Muzaffar Ali’s classic study of the Kotha culture in the Lucknow of the 1850s Umrao Jaan is all set to release on June 27. Rekha, who received the National Award for her mellow, muted meditative performance, doesn’t think much of herself in this, her most celebrated work.

There is a supreme stillness that shrouds Rekha’s character, Umrao Jaan Adaa; an inexplicable tranquillity which Rekha famously called “doing nothing”. Not too many of our actors know much about the art of doing nothing. In Indian cinema, the more you do on screen, the more your chances of being noticed. Rekha took the risk and sailed through a character which is dreamy, distant, sensuous, and impregnable. I don’t think any of the men who cross her path ever get to know who Umrao really is.

In that sense, Umrao is the daughter of Meena Kumari’s Sahibjaan in Kamal Amrohi’s Pakeezah. Neither tawaif is all there. When Meena Kumari sings, ‘Yun hi koi mil gaya ttha sare raah chalte chalte’, she has the dreamy, faraway look of a woman who is physically here but emotionally somewhere else.

I saw the same look in Rekha’s eyes as she sings ‘Justju jisski tthi ussko toh na paya humne/Iss bahane se magar dekh lee duniya humne.’ The lucid words of regret and hope by Shahrayar in many ways define Rekha’s own life.

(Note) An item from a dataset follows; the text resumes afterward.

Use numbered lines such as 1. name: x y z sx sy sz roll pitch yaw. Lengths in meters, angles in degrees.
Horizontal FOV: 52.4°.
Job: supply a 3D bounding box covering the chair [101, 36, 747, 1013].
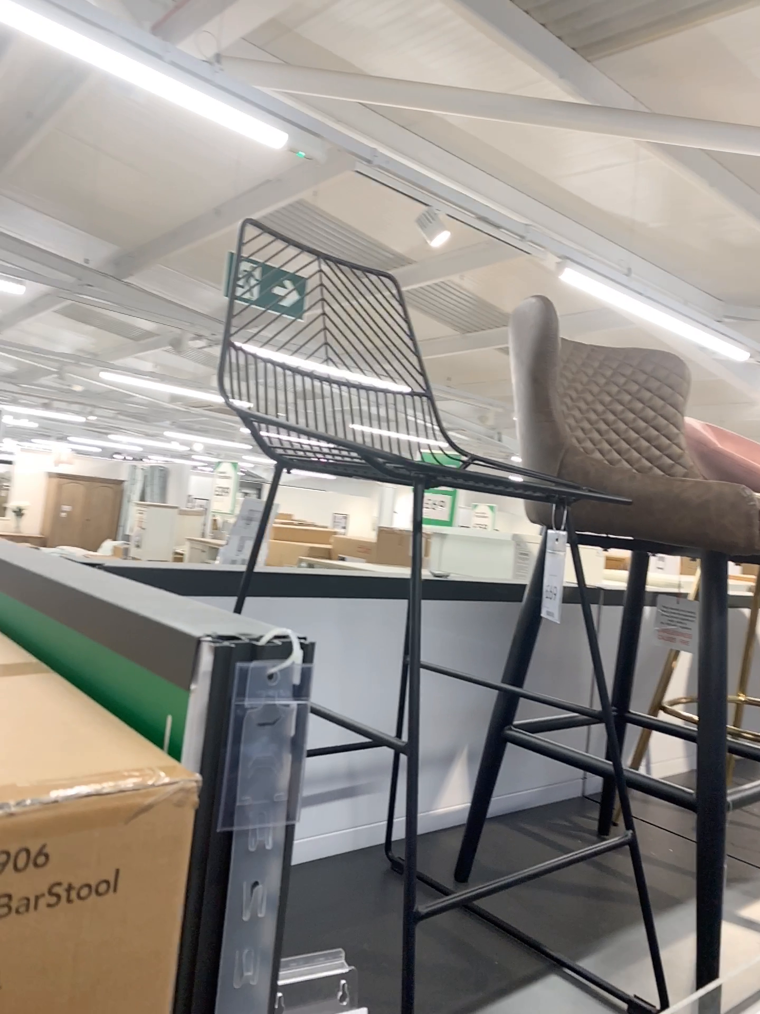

Like Umrao, Rekha never found what she was looking for. I speak in the past as the time to find that elusive idea called True Love has passed her by.

Just like Umrao. Rekha didn’t play Umrao Jaan Adaa. She lived the character through the sighing silences.

How on earth did she retain that “not here” look so consistently?

“Because I wasn’t there,” Rekha once giggled when I asked her this question.

One thing is for sure: no other actress could have made Umrao look so unattainable, so far removed from the men who adored her.

A great deal of the central performance’s efficacy depends on the poetic aura that Muzaffar Ali, along with music composer Khayyam and lyricist Shahrayar, created for Rekha’s character. The words that Umrao throws so casually, even in her ‘saheli’ scenes with Prema Narayan(there, only so that Umrao could speak her mind), are so embedded in the elixir of life, they seem to have been carved by the pen of destiny.

Pravin Bhatt’s cinematography, Muzaffar Ali, Manzoor, and Bansi Chandragupta’s art direction, Gopi Krishna and Kumudini Lakhia’s choreography, and Subhashini Ali’s costumes gather their glory in embodying Umrao as the pinnacle of seductive enigma.

I don’t think Rekha is aware of what she has achieved in Umrao Jaan. It is one of the most silently articulate portrayals of love’s pursuit ever seen. Its wordless lucidity is timeless. Fifty years hence, Umrao Jaan would still remain the work of art that it is now.

With her chiselled expressions, mysterious smile, and subtle adaas, Rekha was sufficiently able to cover up her inadequacies as a dancer in Umrao Jaan. Cinematographer Pravin Bhatt (director Vikram Bhatt’s father) did an outstanding job of catching Rekha’s face in the light of approaching evening. She never looked more dusky, inviting, and sensuous.

Director Muzaffar Ali later complained that he had a tough time getting Rekha to concentrate on the role. Luckily, like Smita Patil in Shyam Benegal’s Bhumika, Umrao Jaan was the story of a restless woman whose wandering soul takes her through warm and robust relationships with a bashful Nawab (Farooq Shaikh), her childhood friend and admirer (Naseeruddin Shah), and a long-haired dacoit (Raj Babbar).

Rekha shocked me by saying she “sleepwalked” through Umrao Jaan. “I mean it. I don’t remember a single shot or moment. I was thoroughly disinterested in what I was doing.”

But what about the stunning dances? “That’s no big deal. I think I danced well even in Sheshnaag. How many people remember that film? It’s not the dances that make a film.”